Heeley and 100% natural Vetiver Veritas. Slightly bitter, green and smelling of mate.


Tauer Perfumes with the marvelous gardenia – Sotto La Luna Gardenia. The extremely interesting content smells both of mushrooms and cookies. Somewhat gourmand. The base leaves a warm tonka bean cloud. Andy Tauer announced that next year he’s going to present a perfume dedicated to hyacinth, and in 2016 we should expect tuberose. Can’t wait.


Another gardenia was launched by the deadly Parisian Robert Piguet. Their Gardenia is a real touch of class and elegance. Ylang-ylang makes it smooth and leather with wood give it that royal quality all Piguet fragrances are famous for.


“Our perfumes are round”, – says Mona di Orio and changes the famous cube with a champagne cap into smooth oval bottles. At the same time they release the masculine (and Mona’s favourite) Lux and the feminine Nuit Noire. New launches are Orris Fontana and Myrrh Casati. Having sampled both, I remain loyal to my favourite ones – the lemon-and-sugar tuberose and Violette Fumée.


Miller Harris presents La Fumée Collection, decorated with real gold. Four new fragrances are Arabie, Classic, Ottoman and Maroc. The latter is extremely nice: what would be better for the cool autumn days than a warming scent of dried fruits, honey and incense?


Penhaligon’s with Trade Routes Collection, dedicated to London, represents the rarest treasures in dizzying abundance; London was the Warehouse of the World. Innocent and naive as an English girl Empressa, spicy Levantium and classic fougère Lothair.


Grossmith and Sylvan Song, which will be sold only at Fortnum&Mason in London. It smells of extremely graceful incense and flowers, decorated china and the elegance of Lady Violet.


The black lady Diane Pernet has finally released her perfume line, even blacker and with more spiders. Heavy compositions of patchouli and wild strawberries are quite macabre and exaggerated.

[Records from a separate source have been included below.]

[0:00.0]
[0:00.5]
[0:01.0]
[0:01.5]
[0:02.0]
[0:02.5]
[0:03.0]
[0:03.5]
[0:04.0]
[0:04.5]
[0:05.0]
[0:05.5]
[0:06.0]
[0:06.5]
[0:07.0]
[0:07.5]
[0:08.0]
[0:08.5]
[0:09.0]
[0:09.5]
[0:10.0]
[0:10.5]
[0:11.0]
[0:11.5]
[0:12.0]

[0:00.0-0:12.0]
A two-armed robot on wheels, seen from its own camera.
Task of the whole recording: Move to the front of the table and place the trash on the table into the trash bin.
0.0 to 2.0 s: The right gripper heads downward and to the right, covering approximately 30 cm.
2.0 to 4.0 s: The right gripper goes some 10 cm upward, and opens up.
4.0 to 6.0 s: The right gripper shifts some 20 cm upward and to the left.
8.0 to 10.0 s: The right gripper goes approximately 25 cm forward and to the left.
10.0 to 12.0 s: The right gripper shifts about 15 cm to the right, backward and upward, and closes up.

However, with such an extravagant creator one simply couldn’t expect something modest. To Be Honest is worth a second try.

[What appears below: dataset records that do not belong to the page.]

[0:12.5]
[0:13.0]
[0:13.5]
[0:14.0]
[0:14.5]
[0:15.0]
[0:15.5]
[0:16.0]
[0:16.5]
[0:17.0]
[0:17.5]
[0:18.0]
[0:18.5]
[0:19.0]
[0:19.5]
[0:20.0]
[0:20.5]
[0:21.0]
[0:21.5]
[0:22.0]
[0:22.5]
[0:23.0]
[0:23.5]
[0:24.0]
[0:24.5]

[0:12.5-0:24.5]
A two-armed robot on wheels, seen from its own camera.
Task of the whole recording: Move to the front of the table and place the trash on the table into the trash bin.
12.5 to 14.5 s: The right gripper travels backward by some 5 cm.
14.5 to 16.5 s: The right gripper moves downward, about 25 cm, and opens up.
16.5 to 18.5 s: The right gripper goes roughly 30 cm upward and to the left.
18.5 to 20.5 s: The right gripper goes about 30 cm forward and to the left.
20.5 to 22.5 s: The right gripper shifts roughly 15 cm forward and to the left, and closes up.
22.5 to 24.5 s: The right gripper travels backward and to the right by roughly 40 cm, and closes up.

Byredo and their pleasant dusty fruits in Mojave Ghost.


Jardins d’Ecrivains’ divine candle Memento Mori. A must have.


Other discoveries to be reviewed separately: perfume through pharmacy in Peccato Originale, Southern Italy in Gabriella Chieffo‘s creations, the elegant French company Paul Emilien and Antonio Alessandria‘s Hommage à la lune mysterious trilogy. Other interesting releases are Lalique, Inspiritv and Carrière Frères candles, pampering La Sultane de Saba body scrubs and Eau d’Italie body and home line. Moreover, Pitti Fragranze every year comes up with a special installation. This time we saw Verba Olent – a hanging exhibition of many different books and excerpts talking about scents and perfumes.


Chandler Burr made a speech on Aedes de Venustas and had a discussion with the Italian journalist Giovanna Zucconi on her freshly launched home fragrances and perfumes as a form of memory.

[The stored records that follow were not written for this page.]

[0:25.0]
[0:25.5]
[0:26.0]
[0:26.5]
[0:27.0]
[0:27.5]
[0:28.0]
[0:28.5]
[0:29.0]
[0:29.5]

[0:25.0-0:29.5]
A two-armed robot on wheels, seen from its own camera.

Pitti Fragranze 2014 has been a wonderful event with an unusually strong rise of international visitors. It’s only good news if high quality niche fragrances are expanding not only onto the shelves of selective stores but also in our (dark!) wardrobes/drawers/or wherever we keep our small pleasures. There’s a wide variety of choices to meet the cold 2014 season decently. Don’t get caught unprepared. There’s nothing better than to smell good.